DIM RTRW tidak Semua Diterima,Junaidi: Tak ada Penambaha Kawasan Reklamasi Baru 

Kota Ternate23 Dilihat

TERNATE – Daftar Inventarisasi Masalah (DIM) RTRW yang diajukan pansus I DPRD Kota Ter nate tak semua diterima pemerintah. Semen tara usulan perubahan empat nama jalan diterima pemerintah.Tidak ada penambahan kawasan reklamasi baru. Reklamasi yang existing 17 hektare sudah terkunci di RTRW.

Ketua Pansus RTRW DPRD Kota Ternate, Junaidi A. Bahrudin menjelaskan bahwa, secara keseluruhan inventarisasi masalah (DIM) dari rancangan Perda tentang Rencana Tata Ruang Wilayah (RTRW) yang diajukan pansus I itu sebagian besarnya diterima oleh pemerintah.

“Hanya ada beberapa DIM atau beberapa poin saja yang terkoreksi atau tidak diterima pemerintah dengan alasan yang logis, sehingga pansus juga bisa menerima itu,” terangkannya, usai pembicaraan tingkat I DPRD Kota Ternate, Rabu (3/6/2026).

Misalnya, Junaidi memberikan contoh, soal usulan pansus terkait dengan penetapan kawasan rawan bencana kebakaran di Kota Ternate. Karena hampir semua kawasan itu dia masuk kategori rawan bencana kebakaran.

“Jadi kita tidak boleh mendonasikan dia pada kawasan-kawasan tertentu, itu logis dan diterima pansus, itu tidak dimasukan sebagai perubahan dalam Perda ,” ujarnya.

Selain itu, tambah Junaidi, usulan perubahan nama jalan juga diterima pemerintah.
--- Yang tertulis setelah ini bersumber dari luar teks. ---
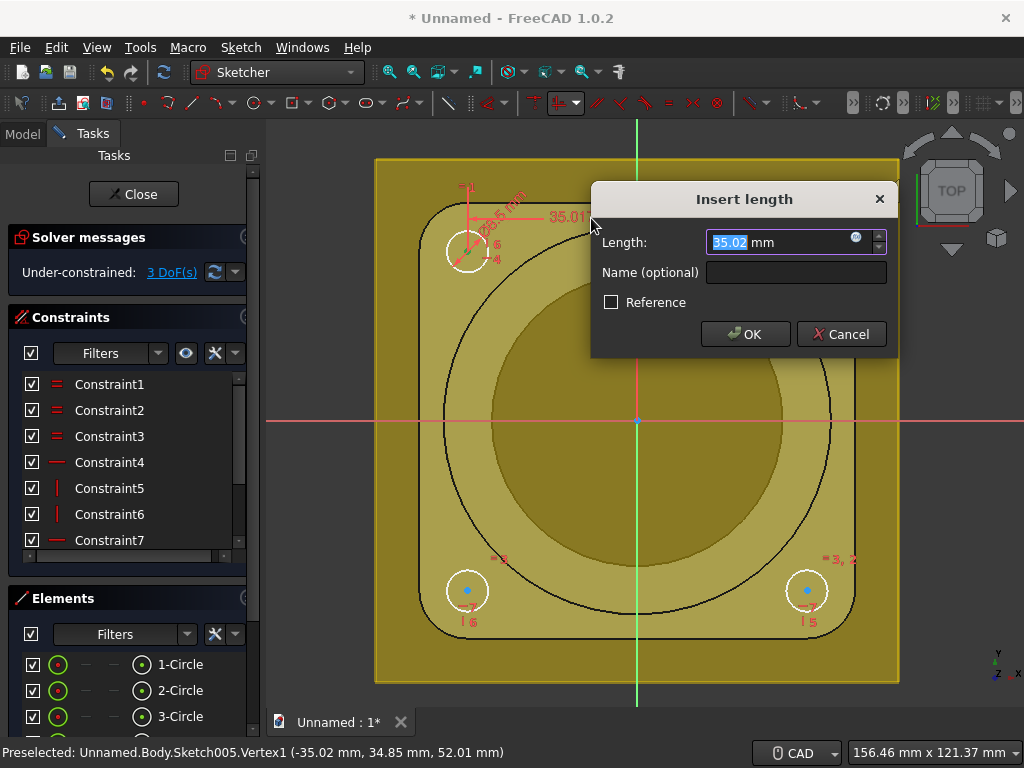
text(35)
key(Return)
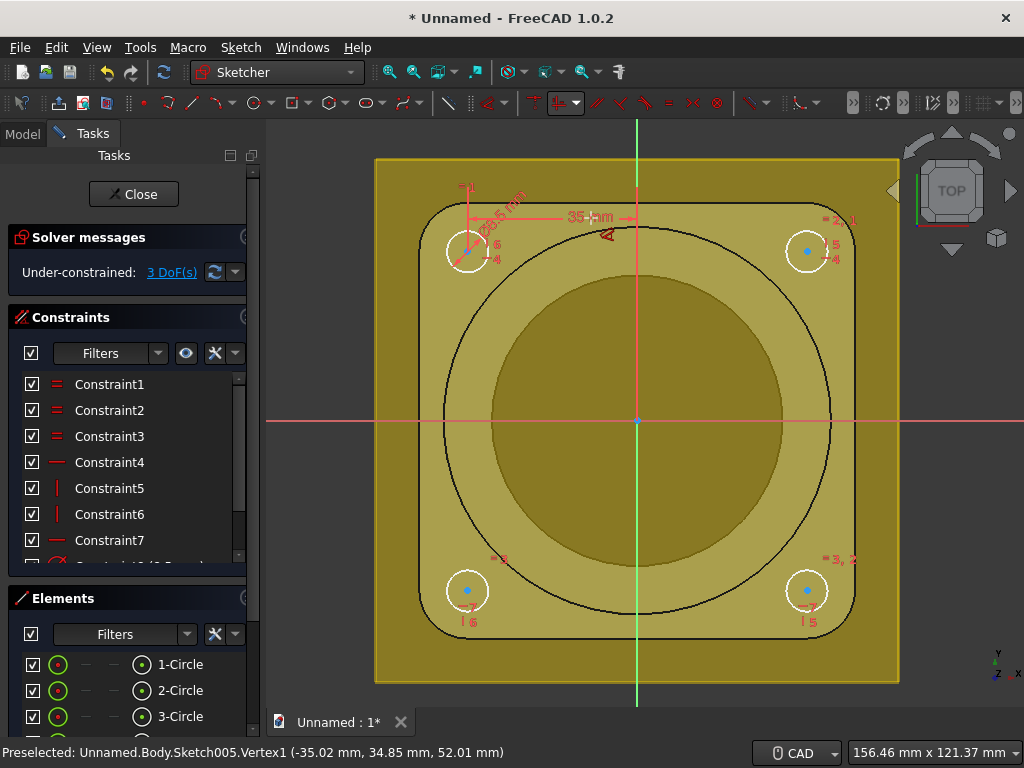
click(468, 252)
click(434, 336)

Ada 4 jalan yang diusulkan untuk dilakukan perubahan nama. Satu jalan Pemuda di depan Kesultanan Ternate sampai jalan depan SMP Negeri 2 itu dirubah dari jalan Pemuda menjadi jalan Haji Sultan Mudaffar Sjah.

Kemudian jalan Jati Lurus dirubah menjadi jalan Burhan Abdurahman. Lalu jalan di kompleks BTN Maliaro itu dirubah menjadi jalan Syamsir Andili. Kemudian ada satu titik di Santiong, jalan Burung Pipit dirubah menjadi jalan Alfred Wallace.
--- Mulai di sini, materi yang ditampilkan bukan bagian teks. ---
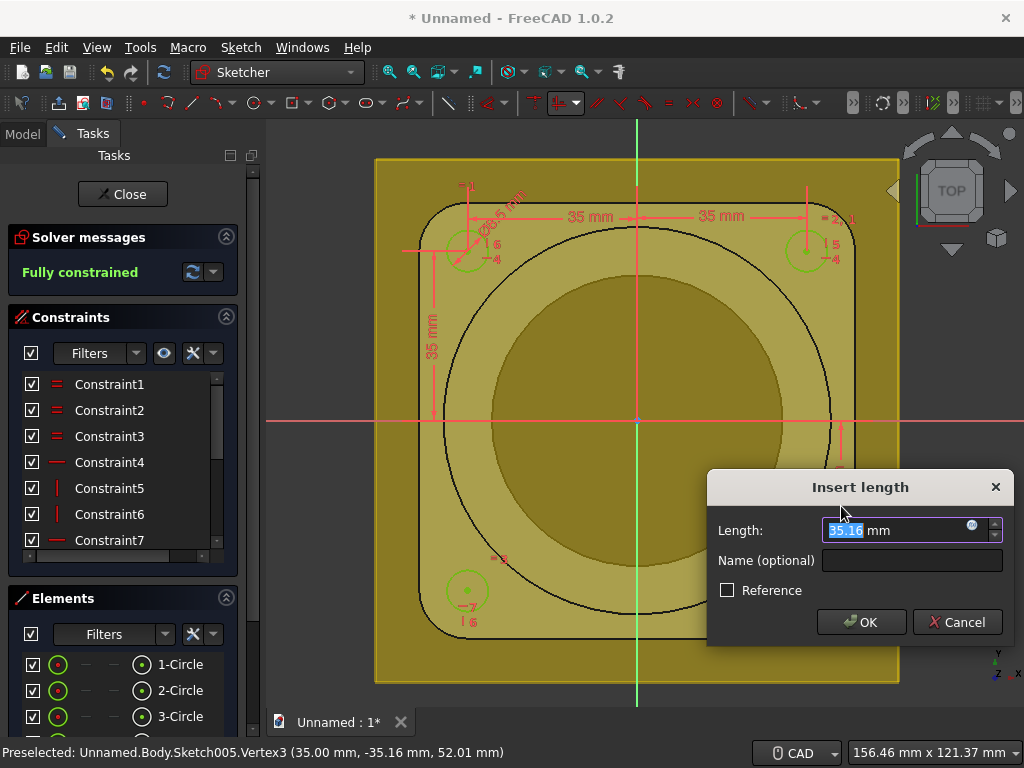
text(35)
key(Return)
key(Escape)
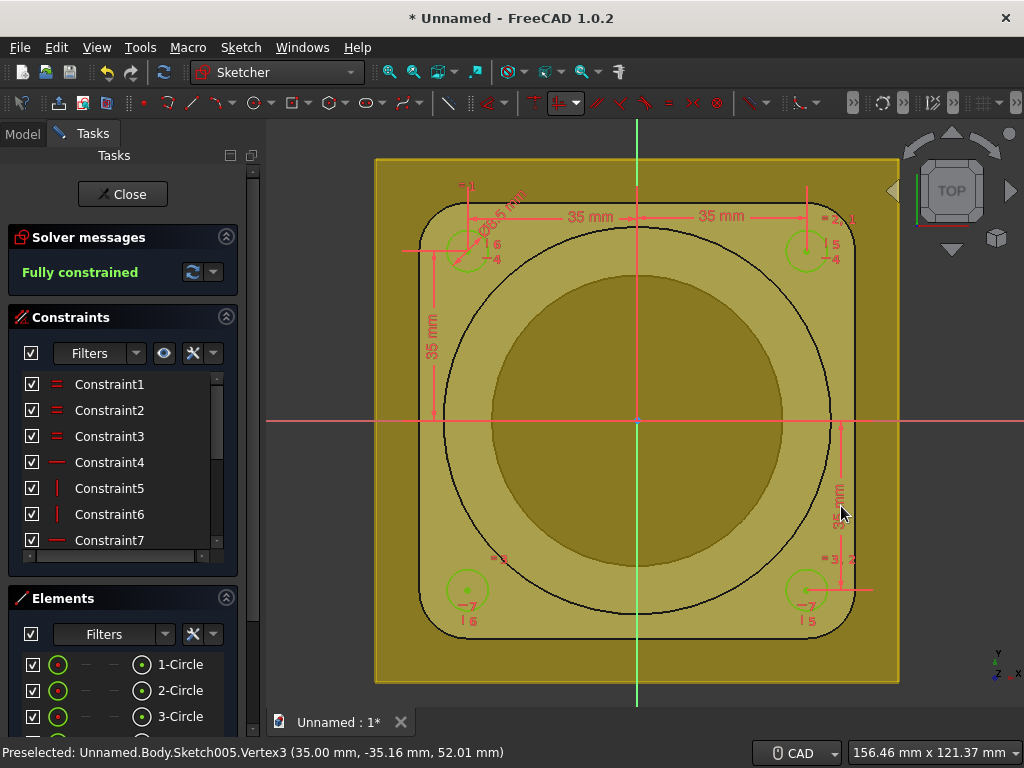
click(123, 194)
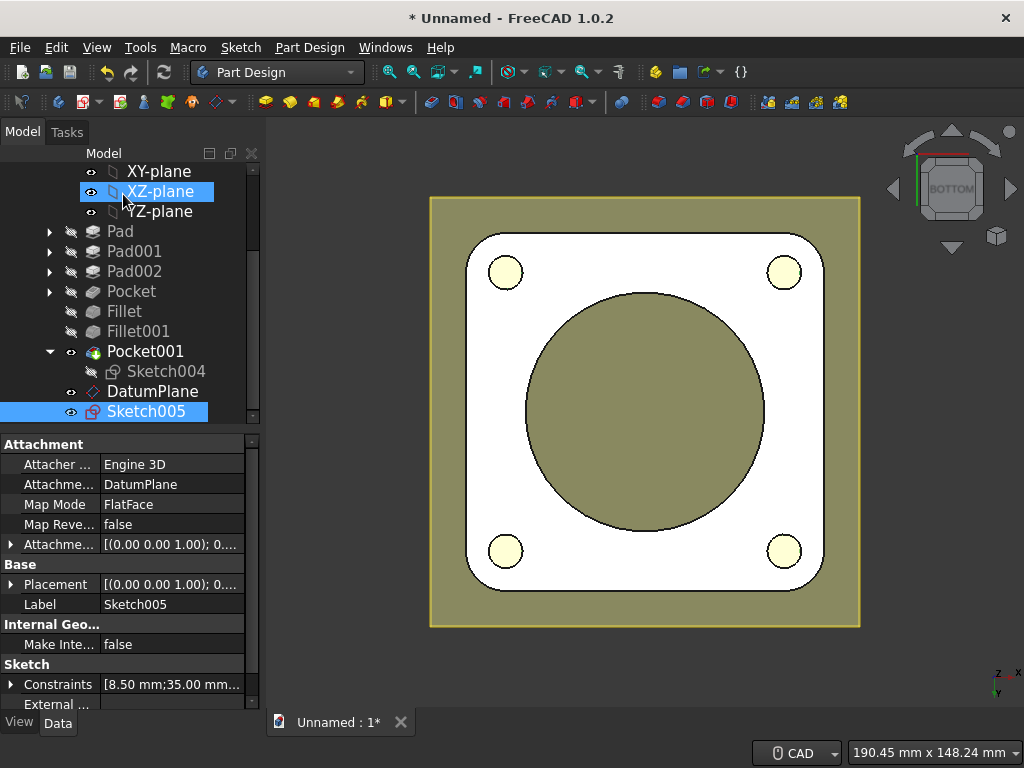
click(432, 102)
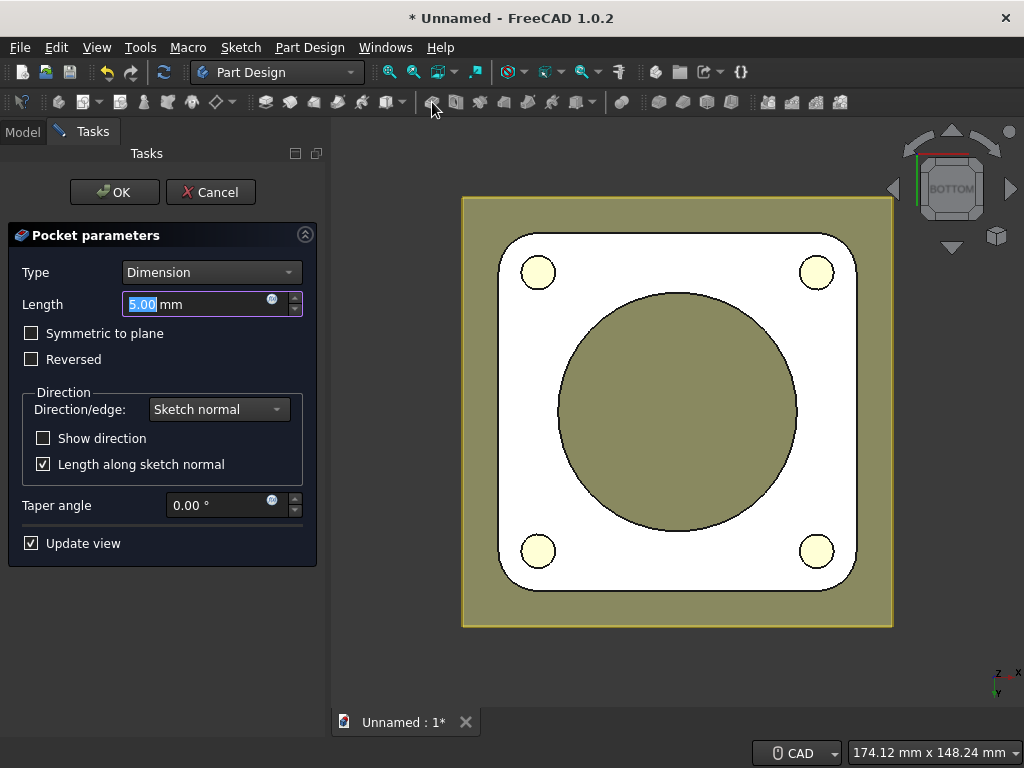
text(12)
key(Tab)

“Dari empat jalan itu ada satu kewenangan ada di pemerintah pusat, sehingga membutuhkan pengusulan langsung oleh pak Wali Kota. Tiga lainnya kewenangan Pemerintah kota Ternate sehingga mungkin bisa secara cepat dilakukan penyesuaian oleh Wali Kota Ternate,” ujarnya.

Untuk kawasan reklamasi sendiri, lanjut politisi partai Demokrat itu, totalnya 17 hektare sudah oke. Itu existingnya yang saat ini sudah ada di kelurahan Kalumata dan Bagian Utara: Kasturiang.

Ada pun nanti ada rencana pengembangan nya: dari samping Water Boom masuk sampai kawasan reklamasi Kalumata. Karena saat ini belum ada proses izinnya sehingga itu nanti disesuaikan kemudian kalau itu nanti jadi dilaksanakan oleh pemerintah. Tapi prinsipnya secara angka itu 17 hektare itu sudah terkunci di RTRW. Itu viksnya reklamasi yang existing.

Jadi tidak ada tambahan reklamasi baru misalnya di arah Selatan Kota, yaitu Fitu sampai Jambula dalam durasi 20 tahun kedepan dalam perencanaan kota Ternate itu tidak ada. Kalau pun misalnya itu dilaksanakan pemerintah provinsi itu bisa saja. Tapi untuk pemerintah kota dikunci pada angka 17 hektare di kawasan Kalumata dan Kasturiang, Bagian Utara.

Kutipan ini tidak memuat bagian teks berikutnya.